__ACTIVITY__. Skip the images and return the records below exactly.

__DATASET EXTRACT__.
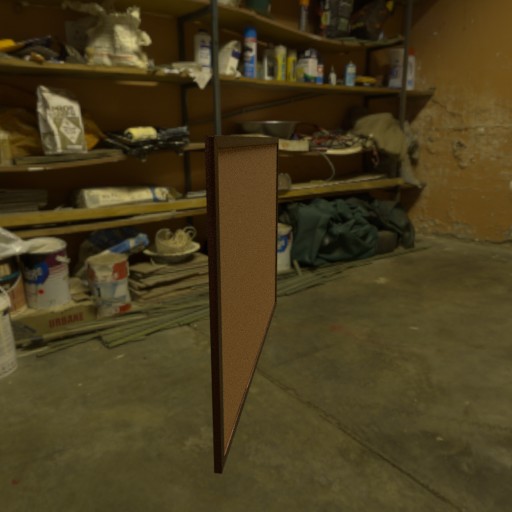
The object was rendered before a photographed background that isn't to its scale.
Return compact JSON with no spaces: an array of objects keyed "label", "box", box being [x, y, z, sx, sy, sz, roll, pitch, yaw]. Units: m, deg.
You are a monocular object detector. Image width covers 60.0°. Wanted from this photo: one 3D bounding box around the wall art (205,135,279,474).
[{"label":"wall art","box":[0.000,0.000,1.077,0.014,0.559,0.816,2,15,9]}]
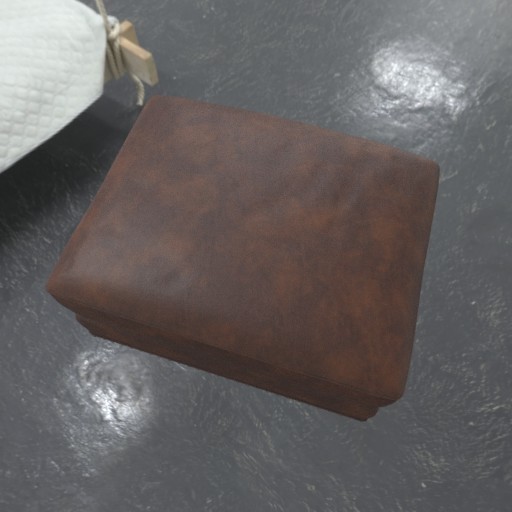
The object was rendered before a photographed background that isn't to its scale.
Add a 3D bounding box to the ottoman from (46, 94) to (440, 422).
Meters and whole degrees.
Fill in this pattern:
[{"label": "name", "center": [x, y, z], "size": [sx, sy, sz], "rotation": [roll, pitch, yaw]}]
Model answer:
[{"label": "ottoman", "center": [0.000, 0.000, 1.119], "size": [0.742, 0.486, 0.586], "rotation": [16, 65, 7]}]
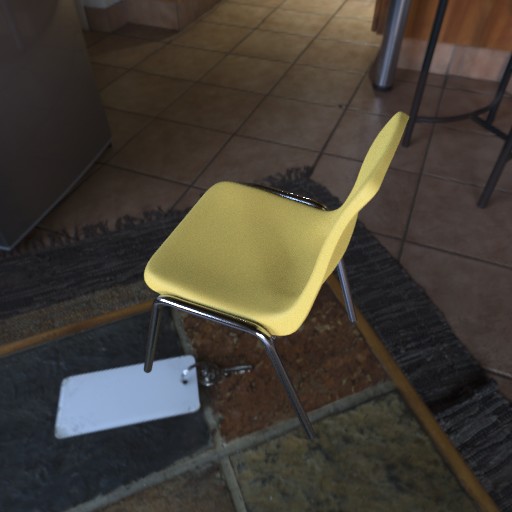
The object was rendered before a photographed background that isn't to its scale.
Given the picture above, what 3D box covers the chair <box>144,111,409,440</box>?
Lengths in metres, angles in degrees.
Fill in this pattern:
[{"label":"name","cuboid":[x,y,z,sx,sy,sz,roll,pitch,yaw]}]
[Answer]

__SOLUTION BELOW__.
The object was rendered before a photographed background that isn't to its scale.
Return compact JSON with no spaces: an array of objects keyed "label", "box", box being [x, y, z, sx, sy, sz, roll, pitch, yaw]. Units: m, deg.
You are a monocular object detector. Image width covers 60.0°. Wanted from this photo: one 3D bounding box around the wall art (205,135,279,474).
[{"label":"wall art","box":[0.000,0.000,1.077,0.014,0.559,0.816,2,15,9]}]
The object was rendered before a photographed background that isn't to its scale.
Add a 3D bounding box to the ottoman from (46, 94) to (440, 422).
Meters and whole degrees.
Fill in this pattern:
[{"label": "name", "center": [x, y, z], "size": [sx, sy, sz], "rotation": [roll, pitch, yaw]}]
Model answer:
[{"label": "ottoman", "center": [0.000, 0.000, 1.119], "size": [0.742, 0.486, 0.586], "rotation": [16, 65, 7]}]
The object was rendered before a photographed background that isn't to its scale.
Given the picture above, what 3D box covers the chair <box>144,111,409,440</box>?
Lengths in metres, angles in degrees.
Fill in this pattern:
[{"label":"name","cuboid":[x,y,z,sx,sy,sz,roll,pitch,yaw]}]
[Answer]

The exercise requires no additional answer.